Melasma is a dark skin discoloration found on sun-exposed areas of the face. Brownish in color, it is exacerbated by sun exposure, pregnancy, oral contraceptives, and certain anti-epilepsy drugs. Melasma is reasonably common, especially in women of child-bearing age. The disorder is most common in sunny climates and in people of Latin or Asian origin. Melasma produces irregular, patchy areas of dark color that are the same on both sides of the face. The pigmentation most often occurs in the center of the face and on the cheeks, forehead, upper lip, and nose. Different types of melasma occur depending on the location of the excess melanin, in the epidermis or the dermis. Melasma is thought to be caused by elevated levels of estrogen, progesterone, and melanocyte-stimulating hormone (a hormone that causes melanin cells to make more melanin). Pregnancy-induced melasma usually resolves after delivery, but may return with subsequent pregnancies or with oral contraceptives. Treatment of melasma depends on the type and involves skin-lightening agents and sometimes tretinoin (Retin-A). The proper use of sunscreen is also important because UV light can worsen melasma.

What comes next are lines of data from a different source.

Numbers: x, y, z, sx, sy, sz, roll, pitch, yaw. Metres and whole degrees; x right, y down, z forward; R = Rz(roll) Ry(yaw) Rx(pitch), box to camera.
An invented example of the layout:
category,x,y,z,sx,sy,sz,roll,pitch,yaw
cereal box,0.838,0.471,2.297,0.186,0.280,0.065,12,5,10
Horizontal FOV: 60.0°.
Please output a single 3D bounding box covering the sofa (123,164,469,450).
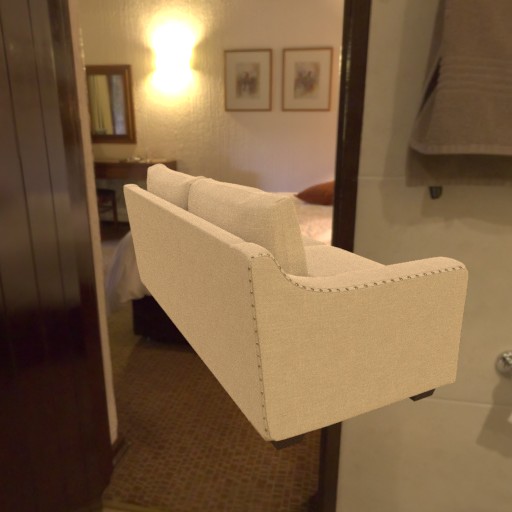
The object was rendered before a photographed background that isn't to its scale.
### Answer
category,x,y,z,sx,sy,sz,roll,pitch,yaw
sofa,0.000,0.000,2.629,1.104,0.983,2.107,-8,18,-26
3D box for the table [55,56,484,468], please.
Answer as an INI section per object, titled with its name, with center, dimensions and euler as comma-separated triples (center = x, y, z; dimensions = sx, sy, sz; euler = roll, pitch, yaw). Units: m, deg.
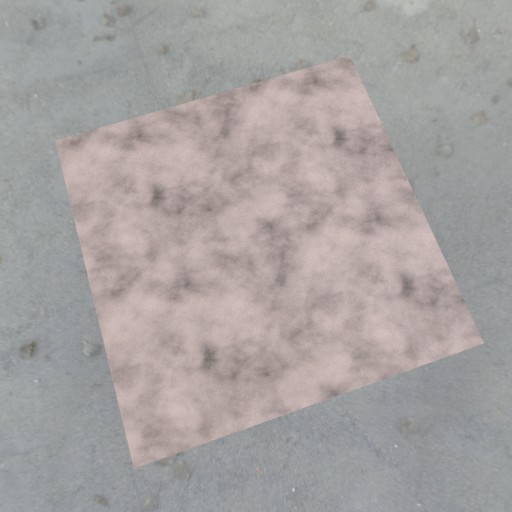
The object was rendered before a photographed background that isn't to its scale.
[table]
center = 0.000, 0.000, 1.026
dimensions = 0.670, 0.305, 0.670
euler = -18, 75, -5
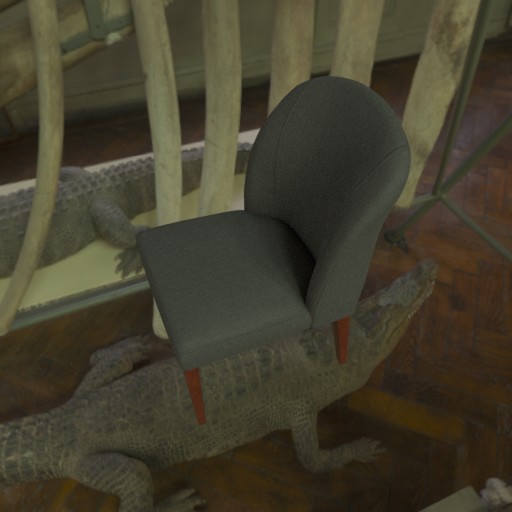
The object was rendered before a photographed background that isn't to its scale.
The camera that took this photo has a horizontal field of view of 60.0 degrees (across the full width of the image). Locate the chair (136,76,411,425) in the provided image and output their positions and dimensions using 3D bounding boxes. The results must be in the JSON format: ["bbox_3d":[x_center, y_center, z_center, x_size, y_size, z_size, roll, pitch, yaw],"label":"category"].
[{"bbox_3d":[0.000,0.000,1.285,0.619,0.879,0.506,-17,49,-16],"label":"chair"}]
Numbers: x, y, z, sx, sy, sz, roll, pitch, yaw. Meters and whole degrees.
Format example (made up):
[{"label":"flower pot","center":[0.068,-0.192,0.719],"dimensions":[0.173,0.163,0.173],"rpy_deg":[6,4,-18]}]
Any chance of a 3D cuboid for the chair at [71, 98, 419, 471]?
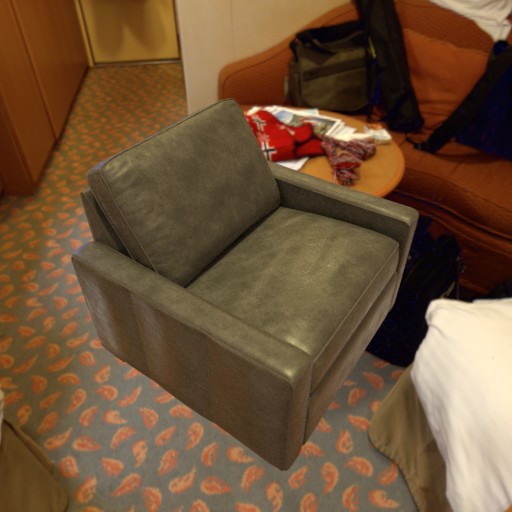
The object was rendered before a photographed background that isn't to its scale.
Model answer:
[{"label":"chair","center":[0.000,0.000,1.742],"dimensions":[0.939,0.916,1.006],"rpy_deg":[24,46,26]}]
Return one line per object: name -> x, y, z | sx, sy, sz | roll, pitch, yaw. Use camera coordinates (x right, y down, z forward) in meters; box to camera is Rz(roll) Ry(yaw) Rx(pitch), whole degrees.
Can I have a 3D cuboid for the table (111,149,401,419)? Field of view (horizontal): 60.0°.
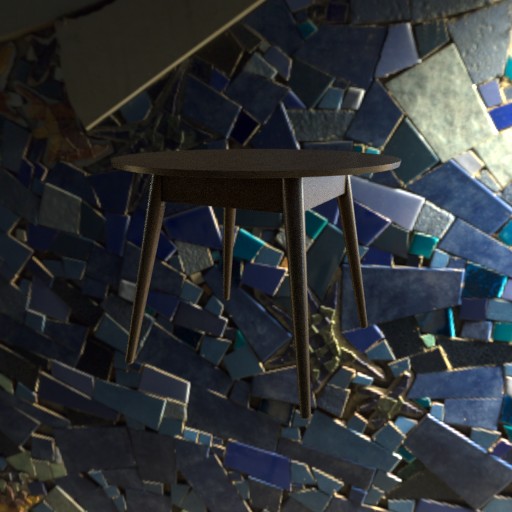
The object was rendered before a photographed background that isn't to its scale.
table -> 0.000, 0.000, 1.794 | 1.053, 0.786, 1.053 | 0, 17, 0
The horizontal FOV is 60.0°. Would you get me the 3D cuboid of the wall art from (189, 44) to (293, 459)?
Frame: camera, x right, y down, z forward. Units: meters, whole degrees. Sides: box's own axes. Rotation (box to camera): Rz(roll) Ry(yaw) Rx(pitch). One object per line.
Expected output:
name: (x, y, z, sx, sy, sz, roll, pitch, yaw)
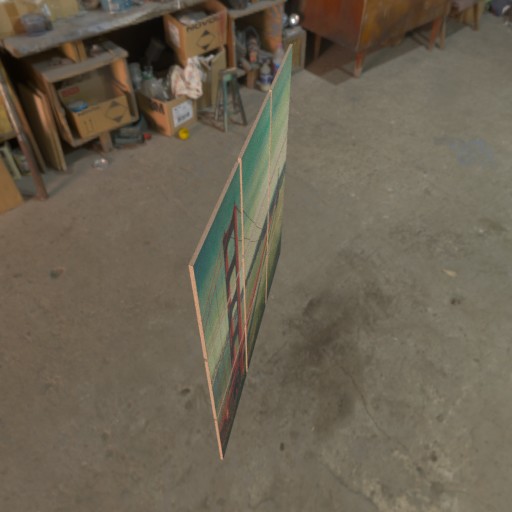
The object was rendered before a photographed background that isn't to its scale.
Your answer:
wall art: (0.000, 0.000, 2.251, 0.014, 1.507, 1.519, 10, 48, 9)
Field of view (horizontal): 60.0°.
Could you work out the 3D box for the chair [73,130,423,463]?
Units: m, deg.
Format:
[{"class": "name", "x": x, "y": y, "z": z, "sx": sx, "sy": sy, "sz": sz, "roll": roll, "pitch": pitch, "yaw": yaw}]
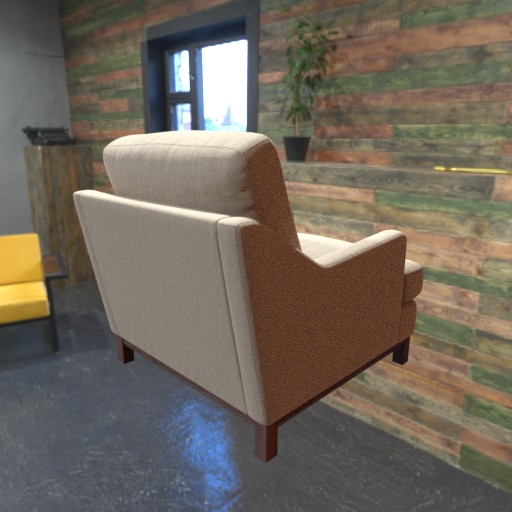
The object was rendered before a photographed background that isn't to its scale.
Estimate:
[{"class": "chair", "x": 0.000, "y": 0.000, "z": 1.691, "sx": 1.001, "sy": 0.916, "sz": 0.912, "roll": -14, "pitch": 20, "yaw": -43}]
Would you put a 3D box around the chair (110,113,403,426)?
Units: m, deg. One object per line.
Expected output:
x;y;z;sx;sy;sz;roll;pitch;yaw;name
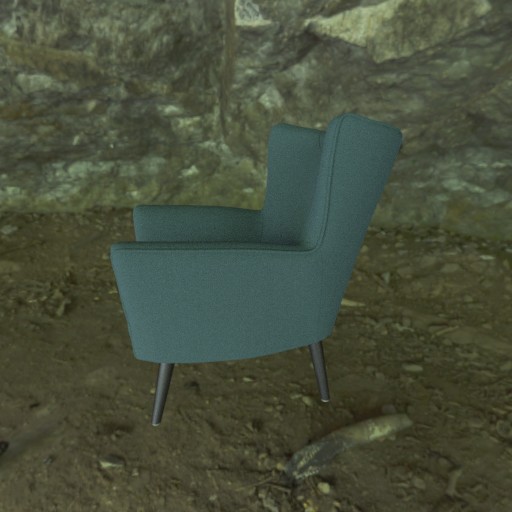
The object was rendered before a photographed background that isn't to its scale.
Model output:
0.000;0.000;1.574;0.888;0.933;0.781;-3;15;-10;chair
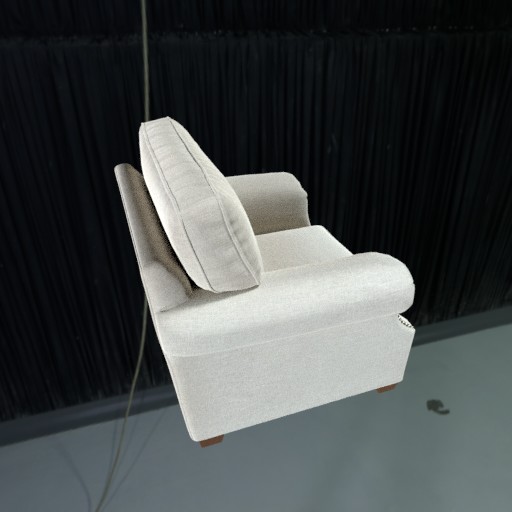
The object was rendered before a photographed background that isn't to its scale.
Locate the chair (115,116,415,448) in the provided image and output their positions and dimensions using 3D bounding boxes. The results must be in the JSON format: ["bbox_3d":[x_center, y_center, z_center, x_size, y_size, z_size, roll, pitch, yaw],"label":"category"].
[{"bbox_3d":[0.000,0.000,1.810,0.965,0.961,1.092,-10,31,-17],"label":"chair"}]
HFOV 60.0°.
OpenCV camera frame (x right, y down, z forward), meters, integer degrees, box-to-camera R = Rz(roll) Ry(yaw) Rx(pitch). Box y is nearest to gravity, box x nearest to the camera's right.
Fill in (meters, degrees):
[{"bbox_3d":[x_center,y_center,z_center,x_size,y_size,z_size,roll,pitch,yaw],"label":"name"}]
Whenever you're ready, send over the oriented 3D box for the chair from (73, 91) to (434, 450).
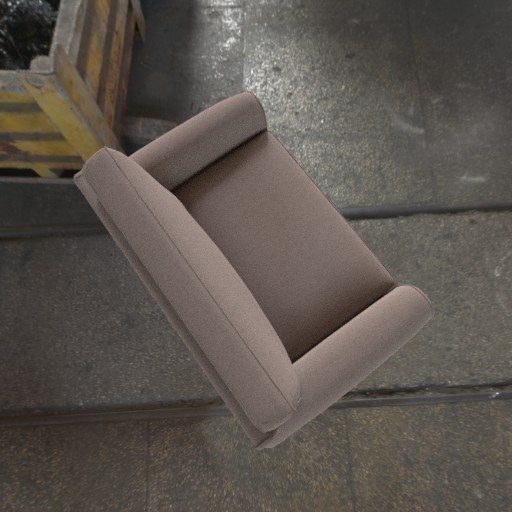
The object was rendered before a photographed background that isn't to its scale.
[{"bbox_3d":[0.000,0.000,2.033,0.930,0.930,1.390,-35,77,-9],"label":"chair"}]
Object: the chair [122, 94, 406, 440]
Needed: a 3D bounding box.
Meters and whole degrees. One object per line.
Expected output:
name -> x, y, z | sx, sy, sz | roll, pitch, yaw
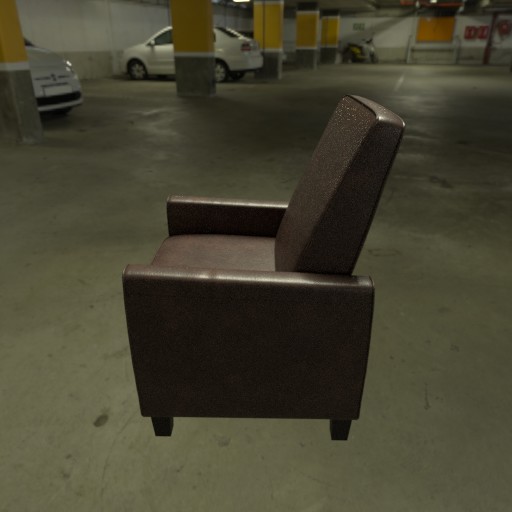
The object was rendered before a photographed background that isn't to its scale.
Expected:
chair -> 0.000, 0.000, 1.517 | 0.746, 1.013, 0.705 | 0, 26, 1
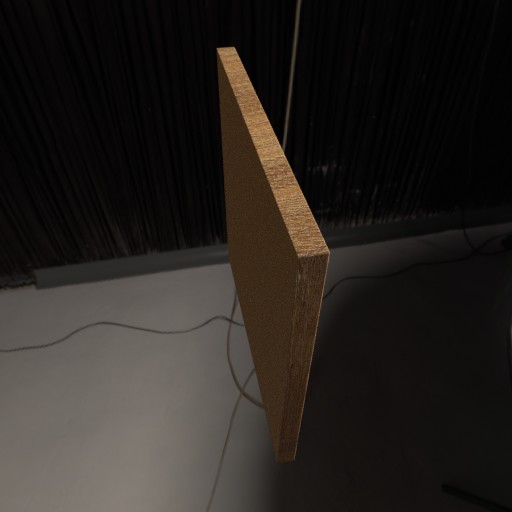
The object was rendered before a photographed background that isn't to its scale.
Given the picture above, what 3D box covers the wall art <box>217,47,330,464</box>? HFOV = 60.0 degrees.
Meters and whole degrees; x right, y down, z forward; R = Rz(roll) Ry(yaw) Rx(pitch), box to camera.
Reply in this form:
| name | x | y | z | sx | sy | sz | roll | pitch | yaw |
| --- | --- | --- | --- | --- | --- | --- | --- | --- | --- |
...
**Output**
| name | x | y | z | sx | sy | sz | roll | pitch | yaw |
| --- | --- | --- | --- | --- | --- | --- | --- | --- | --- |
| wall art | 0.000 | 0.000 | 0.905 | 0.042 | 0.608 | 0.611 | -9 | 46 | -8 |
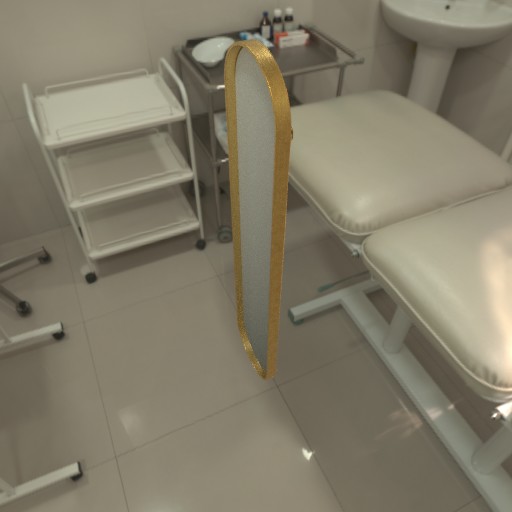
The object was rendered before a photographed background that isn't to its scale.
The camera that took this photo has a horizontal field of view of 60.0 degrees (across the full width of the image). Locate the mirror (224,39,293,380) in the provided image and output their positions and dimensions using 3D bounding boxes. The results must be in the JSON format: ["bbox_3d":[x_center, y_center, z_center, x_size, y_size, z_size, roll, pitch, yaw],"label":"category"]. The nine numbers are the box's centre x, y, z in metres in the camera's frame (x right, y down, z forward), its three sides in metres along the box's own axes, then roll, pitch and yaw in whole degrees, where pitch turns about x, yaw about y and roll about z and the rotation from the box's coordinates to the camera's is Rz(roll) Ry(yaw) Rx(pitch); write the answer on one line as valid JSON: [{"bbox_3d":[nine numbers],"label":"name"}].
[{"bbox_3d":[0.000,0.000,1.075,0.032,0.991,0.222,-19,49,-17],"label":"mirror"}]
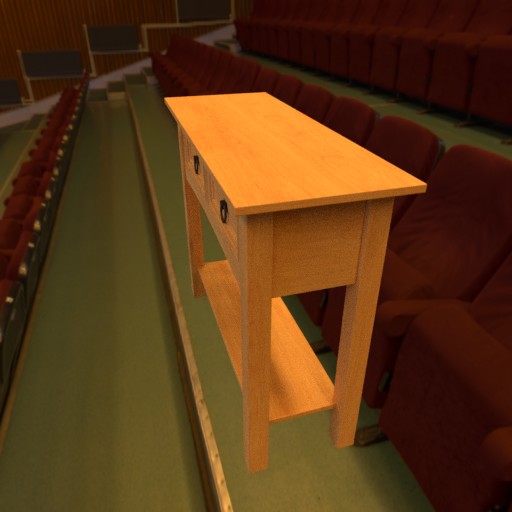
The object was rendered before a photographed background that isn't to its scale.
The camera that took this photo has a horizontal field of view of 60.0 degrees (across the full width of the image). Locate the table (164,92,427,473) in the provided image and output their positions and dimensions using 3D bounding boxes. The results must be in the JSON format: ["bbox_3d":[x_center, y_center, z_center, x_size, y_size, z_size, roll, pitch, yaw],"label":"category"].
[{"bbox_3d":[0.000,0.000,1.269,0.340,0.728,0.900,-9,31,-15],"label":"table"}]
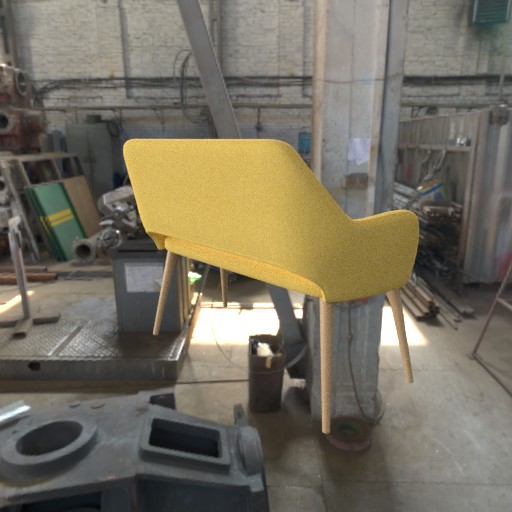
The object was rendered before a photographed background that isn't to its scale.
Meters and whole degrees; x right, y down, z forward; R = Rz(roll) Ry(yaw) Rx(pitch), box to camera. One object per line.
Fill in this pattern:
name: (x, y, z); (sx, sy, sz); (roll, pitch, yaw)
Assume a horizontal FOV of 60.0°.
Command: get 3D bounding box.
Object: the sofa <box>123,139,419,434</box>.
sofa: (0.000, 0.000, 1.645); (0.610, 0.840, 1.150); (-14, 20, -42)
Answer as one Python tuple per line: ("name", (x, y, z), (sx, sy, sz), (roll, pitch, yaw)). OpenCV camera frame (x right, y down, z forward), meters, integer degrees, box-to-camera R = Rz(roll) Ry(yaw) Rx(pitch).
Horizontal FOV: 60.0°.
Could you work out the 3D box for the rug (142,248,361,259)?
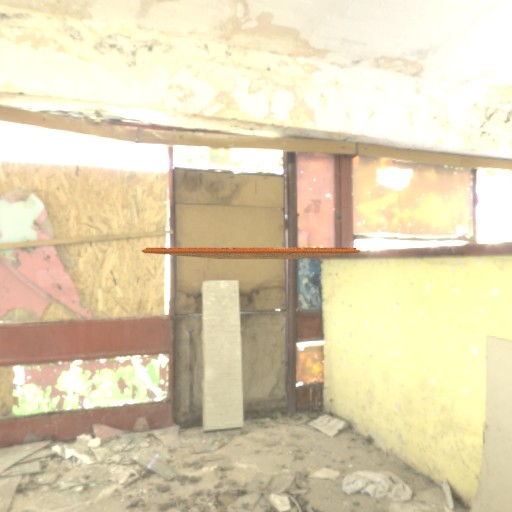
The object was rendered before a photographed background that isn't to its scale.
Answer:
("rug", (0.000, 0.000, 2.443), (0.651, 0.016, 2.274), (0, -1, 1))
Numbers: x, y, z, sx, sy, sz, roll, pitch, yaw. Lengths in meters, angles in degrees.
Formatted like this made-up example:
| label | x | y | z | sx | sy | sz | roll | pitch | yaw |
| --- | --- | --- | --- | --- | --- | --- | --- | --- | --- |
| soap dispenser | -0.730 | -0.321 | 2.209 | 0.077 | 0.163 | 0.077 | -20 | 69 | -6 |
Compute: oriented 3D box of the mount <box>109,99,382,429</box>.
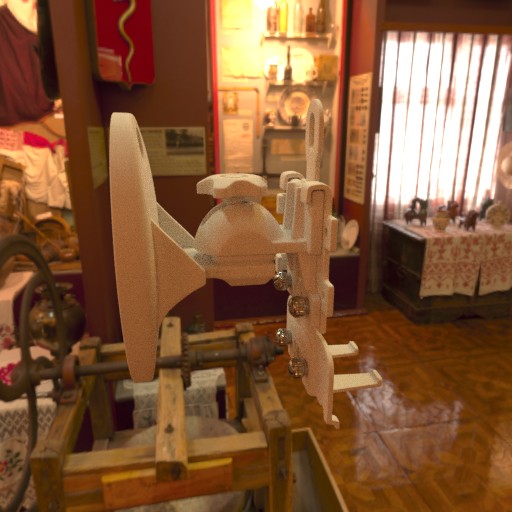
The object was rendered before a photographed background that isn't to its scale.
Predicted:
| label | x | y | z | sx | sy | sz | roll | pitch | yaw |
| --- | --- | --- | --- | --- | --- | --- | --- | --- | --- |
| mount | 0.000 | 0.000 | 0.176 | 0.100 | 0.118 | 0.066 | -3 | 17 | -9 |
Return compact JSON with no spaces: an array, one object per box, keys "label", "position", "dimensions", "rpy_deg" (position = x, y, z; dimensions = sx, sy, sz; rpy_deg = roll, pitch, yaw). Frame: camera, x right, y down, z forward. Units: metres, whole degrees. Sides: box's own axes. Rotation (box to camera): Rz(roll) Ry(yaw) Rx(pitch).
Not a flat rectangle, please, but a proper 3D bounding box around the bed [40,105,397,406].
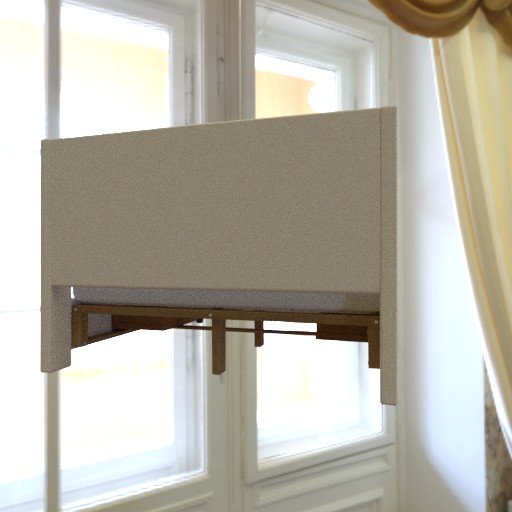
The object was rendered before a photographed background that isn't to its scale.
[{"label":"bed","position":[0.000,0.000,3.551],"dimensions":[2.145,1.471,2.293],"rpy_deg":[0,0,17]}]
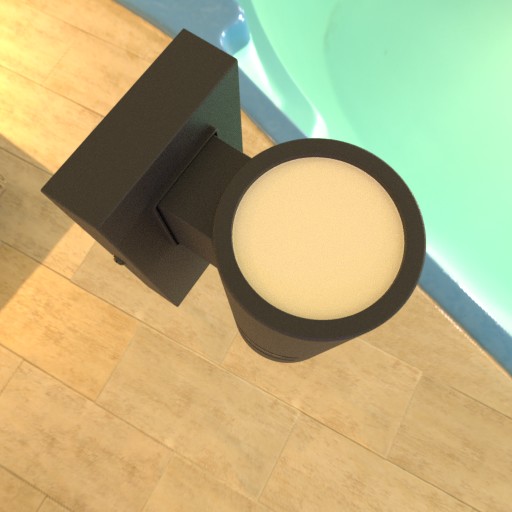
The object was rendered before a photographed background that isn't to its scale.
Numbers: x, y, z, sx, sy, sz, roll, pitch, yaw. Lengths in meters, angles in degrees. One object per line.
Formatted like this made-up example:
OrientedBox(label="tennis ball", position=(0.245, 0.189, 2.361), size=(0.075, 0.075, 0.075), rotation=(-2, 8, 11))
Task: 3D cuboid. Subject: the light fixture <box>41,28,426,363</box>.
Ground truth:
OrientedBox(label="light fixture", position=(0.000, 0.000, 0.256), size=(0.138, 0.179, 0.098), rotation=(33, 77, 9))
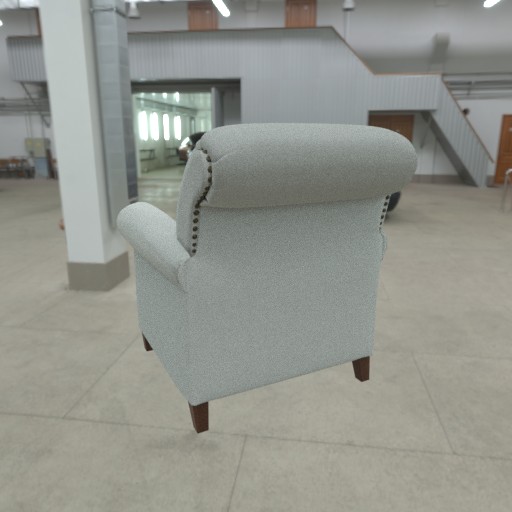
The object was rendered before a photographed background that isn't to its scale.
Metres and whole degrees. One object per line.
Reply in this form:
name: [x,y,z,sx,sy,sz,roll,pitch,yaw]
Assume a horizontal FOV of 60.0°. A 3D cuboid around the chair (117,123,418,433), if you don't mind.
chair: [0.000,0.000,1.642,0.854,0.927,0.890,-8,17,-26]
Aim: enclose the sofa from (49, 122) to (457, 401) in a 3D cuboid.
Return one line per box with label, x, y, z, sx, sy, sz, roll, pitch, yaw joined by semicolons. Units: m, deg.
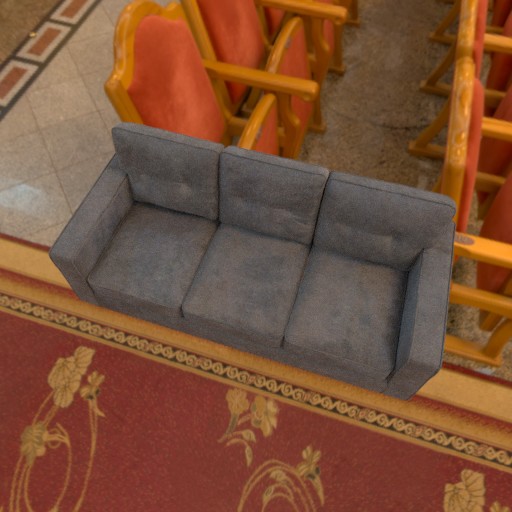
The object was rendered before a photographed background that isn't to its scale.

Chloasma is another name for melasma. Melasma is a common skin disorder that can affect anyone but is most noted in young women with brownish skin tones. It is more often associated with female hormones, estrogen and progesterone. Melasma is often seen in pregnant women, women who are taking oral contraceptives and women taking hormone replacement therapy. Exposure to the sun is also a large factor and in seen more in tropical. It is common in women above aged 20. Mostly it is develop during pregnancy. It can occur in Asians, Africa, Indians or people from the Middle East. Melasma gets worse in the summer but it may fades in winter.